▶ [THE DATA]:
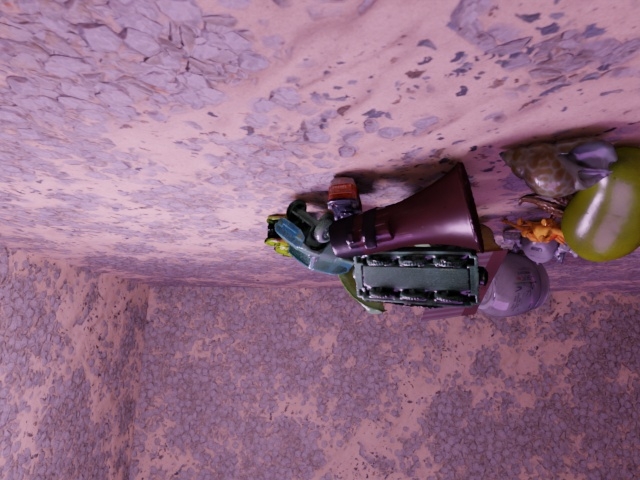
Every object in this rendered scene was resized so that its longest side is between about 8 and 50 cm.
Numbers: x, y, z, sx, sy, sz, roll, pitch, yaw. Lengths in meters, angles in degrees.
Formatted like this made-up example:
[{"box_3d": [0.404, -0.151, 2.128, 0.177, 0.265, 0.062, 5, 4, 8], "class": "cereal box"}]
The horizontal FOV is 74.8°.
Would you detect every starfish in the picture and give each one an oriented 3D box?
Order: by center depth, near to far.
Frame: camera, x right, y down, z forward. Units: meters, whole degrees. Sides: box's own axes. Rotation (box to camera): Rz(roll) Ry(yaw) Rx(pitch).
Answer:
[{"box_3d": [0.693, -0.080, 1.049, 0.374, 0.095, 0.326, 15, 164, -30], "class": "starfish"}]

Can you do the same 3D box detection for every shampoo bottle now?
[{"box_3d": [0.794, 0.186, 1.784, 0.265, 0.274, 0.273, -2, 168, -13], "class": "shampoo bottle"}]

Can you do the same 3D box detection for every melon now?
[{"box_3d": [0.126, 0.103, 1.349, 0.124, 0.324, 0.196, -31, 134, 30], "class": "melon"}]

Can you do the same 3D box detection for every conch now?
[{"box_3d": [0.455, -0.140, 0.794, 0.172, 0.106, 0.116, -25, 134, 23], "class": "conch"}]

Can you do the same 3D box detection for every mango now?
[{"box_3d": [0.616, -0.072, 0.883, 0.175, 0.143, 0.293, -6, 137, 12], "class": "mango"}]

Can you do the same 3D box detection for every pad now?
[{"box_3d": [0.420, 0.142, 1.248, 0.201, 0.005, 0.300, -6, 134, -12], "class": "pad"}]

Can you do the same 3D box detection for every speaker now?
[{"box_3d": [0.202, -0.063, 0.980, 0.329, 0.259, 0.198, -10, 119, 30], "class": "speaker"}]

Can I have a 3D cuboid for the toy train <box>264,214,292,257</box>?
[{"box_3d": [-0.081, -0.007, 1.406, 0.160, 0.101, 0.296, -4, 166, 13], "class": "toy train"}]

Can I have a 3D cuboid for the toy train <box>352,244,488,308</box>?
[{"box_3d": [0.249, 0.076, 1.051, 0.329, 0.139, 0.178, 0, -166, 29], "class": "toy train"}]

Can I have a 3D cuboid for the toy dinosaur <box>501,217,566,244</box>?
[{"box_3d": [0.623, -0.025, 1.178, 0.117, 0.071, 0.288, 16, -176, -9], "class": "toy dinosaur"}]

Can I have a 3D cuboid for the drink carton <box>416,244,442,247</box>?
[{"box_3d": [0.327, -0.035, 1.191, 0.143, 0.146, 0.142, 5, 175, -16], "class": "drink carton"}]

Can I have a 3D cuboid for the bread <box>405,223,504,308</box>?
[{"box_3d": [0.352, 0.022, 1.337, 0.278, 0.248, 0.315, 36, 117, -4], "class": "bread"}]

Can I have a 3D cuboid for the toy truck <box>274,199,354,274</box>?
[{"box_3d": [0.000, 0.000, 1.200, 0.155, 0.156, 0.278, 35, -170, 37], "class": "toy truck"}]

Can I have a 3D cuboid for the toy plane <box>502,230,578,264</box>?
[{"box_3d": [0.728, 0.011, 1.381, 0.251, 0.118, 0.252, 17, 176, 1], "class": "toy plane"}]

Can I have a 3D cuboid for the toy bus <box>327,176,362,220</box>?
[{"box_3d": [0.063, -0.101, 1.038, 0.079, 0.077, 0.174, -2, 166, 11], "class": "toy bus"}]
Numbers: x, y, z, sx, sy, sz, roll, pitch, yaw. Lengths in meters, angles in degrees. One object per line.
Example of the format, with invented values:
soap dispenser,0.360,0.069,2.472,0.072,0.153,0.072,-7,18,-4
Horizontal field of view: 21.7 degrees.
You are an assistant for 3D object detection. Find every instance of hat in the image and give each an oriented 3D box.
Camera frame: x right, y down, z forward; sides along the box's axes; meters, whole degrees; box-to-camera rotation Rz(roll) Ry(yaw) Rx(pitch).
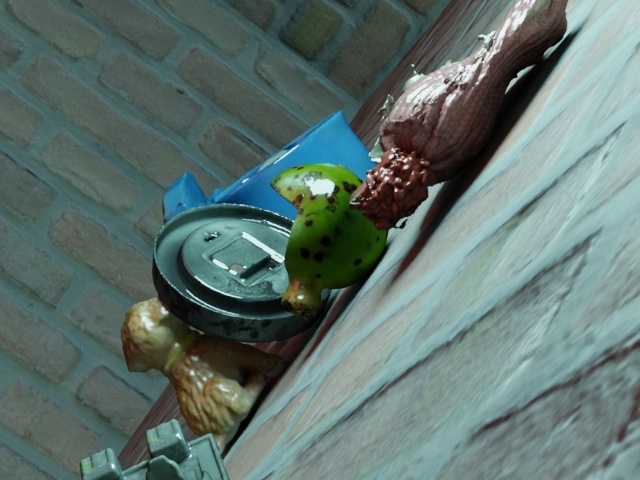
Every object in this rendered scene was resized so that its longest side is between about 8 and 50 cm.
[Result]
hat,0.120,-0.126,1.622,0.286,0.107,0.236,-50,-7,-22

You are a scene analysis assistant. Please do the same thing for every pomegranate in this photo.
pomegranate,0.013,-0.003,1.799,0.143,0.122,0.169,61,-156,-64

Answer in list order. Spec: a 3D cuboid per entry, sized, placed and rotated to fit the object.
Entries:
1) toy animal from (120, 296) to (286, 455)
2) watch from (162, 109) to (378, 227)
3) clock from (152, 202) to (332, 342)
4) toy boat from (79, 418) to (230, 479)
toy animal,-0.163,0.159,1.905,0.104,0.185,0.184,-46,8,50
watch,-0.041,-0.040,2.178,0.274,0.241,0.305,-36,7,11
clock,-0.091,0.036,1.941,0.215,0.215,0.042,-59,-14,-52
toy boat,-0.129,0.236,1.312,0.141,0.092,0.319,-24,18,-4
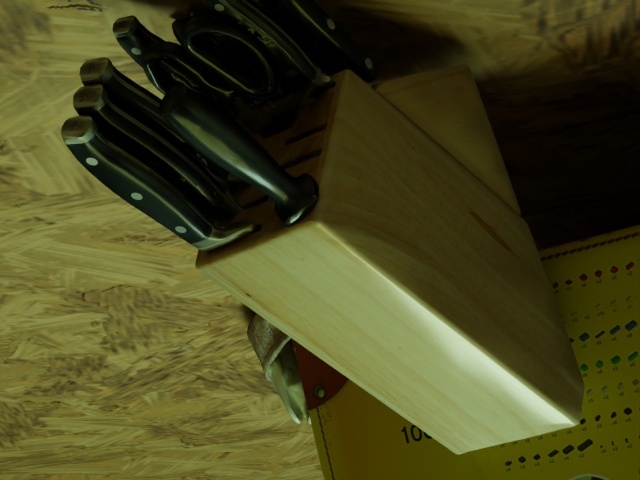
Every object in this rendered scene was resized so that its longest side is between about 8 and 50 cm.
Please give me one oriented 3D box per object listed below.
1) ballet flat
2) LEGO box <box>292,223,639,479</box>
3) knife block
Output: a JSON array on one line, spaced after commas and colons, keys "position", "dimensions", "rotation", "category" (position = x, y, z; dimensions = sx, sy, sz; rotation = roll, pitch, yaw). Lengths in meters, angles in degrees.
[{"position": [0.004, 0.081, 1.328], "dimensions": [0.108, 0.106, 0.316], "rotation": [-2, 161, -7], "category": "ballet flat"}, {"position": [0.296, 0.069, 1.084], "dimensions": [0.500, 0.193, 0.372], "rotation": [-16, 175, 31], "category": "LEGO box"}, {"position": [0.000, 0.000, 0.884], "dimensions": [0.088, 0.275, 0.242], "rotation": [-20, 180, 40], "category": "knife block"}]
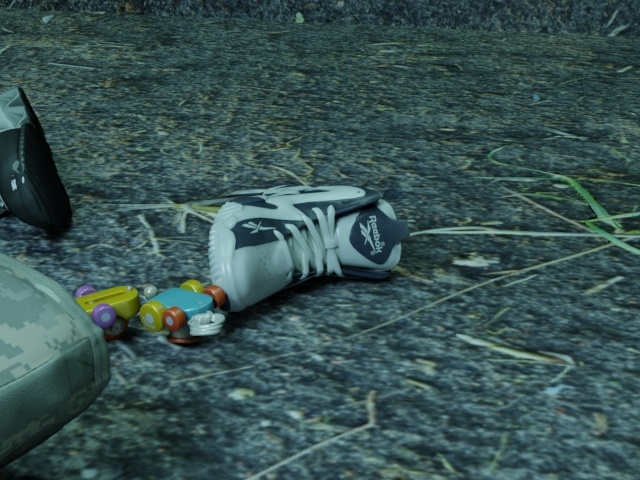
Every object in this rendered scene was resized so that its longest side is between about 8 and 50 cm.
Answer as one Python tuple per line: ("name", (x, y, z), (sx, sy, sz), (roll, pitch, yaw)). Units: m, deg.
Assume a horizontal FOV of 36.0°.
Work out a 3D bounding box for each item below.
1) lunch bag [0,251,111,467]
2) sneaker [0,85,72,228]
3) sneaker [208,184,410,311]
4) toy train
("lunch bag", (-0.291, 0.098, 0.552), (0.287, 0.169, 0.235), (7, 21, 34))
("sneaker", (-0.380, -0.075, 1.136), (0.146, 0.123, 0.330), (-25, 27, -11))
("sneaker", (0.000, 0.000, 0.907), (0.153, 0.094, 0.235), (-4, 8, 18))
("toy train", (-0.155, 0.076, 0.786), (0.166, 0.046, 0.125), (-5, 22, -1))
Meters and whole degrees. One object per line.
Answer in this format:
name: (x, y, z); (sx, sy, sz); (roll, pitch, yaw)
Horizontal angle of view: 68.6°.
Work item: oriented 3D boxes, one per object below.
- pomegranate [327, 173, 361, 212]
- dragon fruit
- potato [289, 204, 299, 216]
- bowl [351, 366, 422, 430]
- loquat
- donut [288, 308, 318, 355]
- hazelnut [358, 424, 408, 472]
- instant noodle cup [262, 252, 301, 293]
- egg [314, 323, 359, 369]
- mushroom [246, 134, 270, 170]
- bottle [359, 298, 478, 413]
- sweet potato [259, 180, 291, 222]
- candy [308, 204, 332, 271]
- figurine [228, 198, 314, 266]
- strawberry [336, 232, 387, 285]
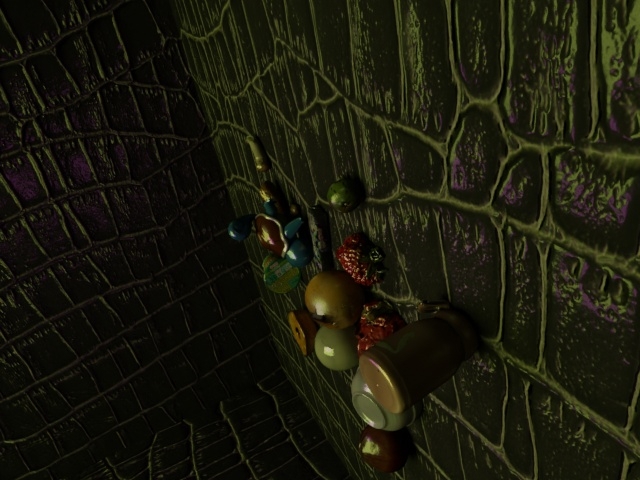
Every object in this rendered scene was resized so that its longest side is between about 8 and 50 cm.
pomegranate: (0.076, -0.156, 1.523); (0.142, 0.115, 0.114); (-95, 0, -47)
dragon fruit: (0.183, 0.326, 1.657); (0.204, 0.152, 0.317); (70, 158, 5)
potato: (-0.121, -0.140, 2.182); (0.083, 0.040, 0.051); (140, 116, -69)
bowl: (0.223, 0.595, 1.761); (0.287, 0.144, 0.286); (30, 136, 35)
loquat: (0.059, 0.224, 1.795); (0.235, 0.235, 0.234); (55, 157, 36)
donut: (-0.090, 0.528, 2.755); (0.302, 0.110, 0.303); (69, 164, 0)
hazelnut: (0.265, 0.879, 1.999); (0.217, 0.217, 0.251); (56, 157, 33)
instant noodle cup: (-0.235, 0.169, 2.641); (0.233, 0.207, 0.206); (-142, 34, -68)
egg: (0.082, 0.442, 1.991); (0.218, 0.219, 0.269); (65, 159, 9)
mushroom: (-0.312, -0.437, 2.346); (0.209, 0.071, 0.084); (67, -166, 14)
bottle: (0.253, 0.280, 1.205); (0.206, 0.297, 0.173); (54, 157, 25)
sweet potato: (-0.218, -0.180, 2.335); (0.251, 0.097, 0.097); (58, 161, 2)
candy: (0.000, 0.000, 1.968); (0.088, 0.061, 0.312); (-129, 25, -48)
figurine: (-0.205, -0.047, 2.196); (0.417, 0.242, 0.297); (24, 146, -2)
strawberry: (0.120, 0.073, 1.643); (0.286, 0.106, 0.188); (-2, 108, 71)

▶ [ABOUT THIS EXERCISE]:
From the records above, transcribe only the stretch from the line with "Can I have a 3D cuboid for the bread" through the line with "1) toy animal from (120, 296) to (286, 455)", keeping both ends. Omit pictures.

▶ [ANSWER]:
Can I have a 3D cuboid for the bread <box>405,223,504,308</box>?
[{"box_3d": [0.352, 0.022, 1.337, 0.278, 0.248, 0.315, 36, 117, -4], "class": "bread"}]

Can I have a 3D cuboid for the toy truck <box>274,199,354,274</box>?
[{"box_3d": [0.000, 0.000, 1.200, 0.155, 0.156, 0.278, 35, -170, 37], "class": "toy truck"}]

Can I have a 3D cuboid for the toy plane <box>502,230,578,264</box>?
[{"box_3d": [0.728, 0.011, 1.381, 0.251, 0.118, 0.252, 17, 176, 1], "class": "toy plane"}]

Can I have a 3D cuboid for the toy bus <box>327,176,362,220</box>?
[{"box_3d": [0.063, -0.101, 1.038, 0.079, 0.077, 0.174, -2, 166, 11], "class": "toy bus"}]
Numbers: x, y, z, sx, sy, sz, roll, pitch, yaw. Lengths in meters, angles in degrees. One object per line.
Example of the format, with invented values:
soap dispenser,0.360,0.069,2.472,0.072,0.153,0.072,-7,18,-4
Horizontal field of view: 21.7 degrees.
You are an assistant for 3D object detection. Find every instance of hat in the image and give each an oriented 3D box.
Camera frame: x right, y down, z forward; sides along the box's axes; meters, whole degrees; box-to-camera rotation Rz(roll) Ry(yaw) Rx(pitch).
Every object in this rendered scene was resized so that its longest side is between about 8 and 50 cm.
[Result]
hat,0.120,-0.126,1.622,0.286,0.107,0.236,-50,-7,-22

You are a scene analysis assistant. Please do the same thing for every pomegranate in this photo.
pomegranate,0.013,-0.003,1.799,0.143,0.122,0.169,61,-156,-64

Answer in list order. Spec: a 3D cuboid per entry, sized, placed and rotated to fit the object.
Entries:
1) toy animal from (120, 296) to (286, 455)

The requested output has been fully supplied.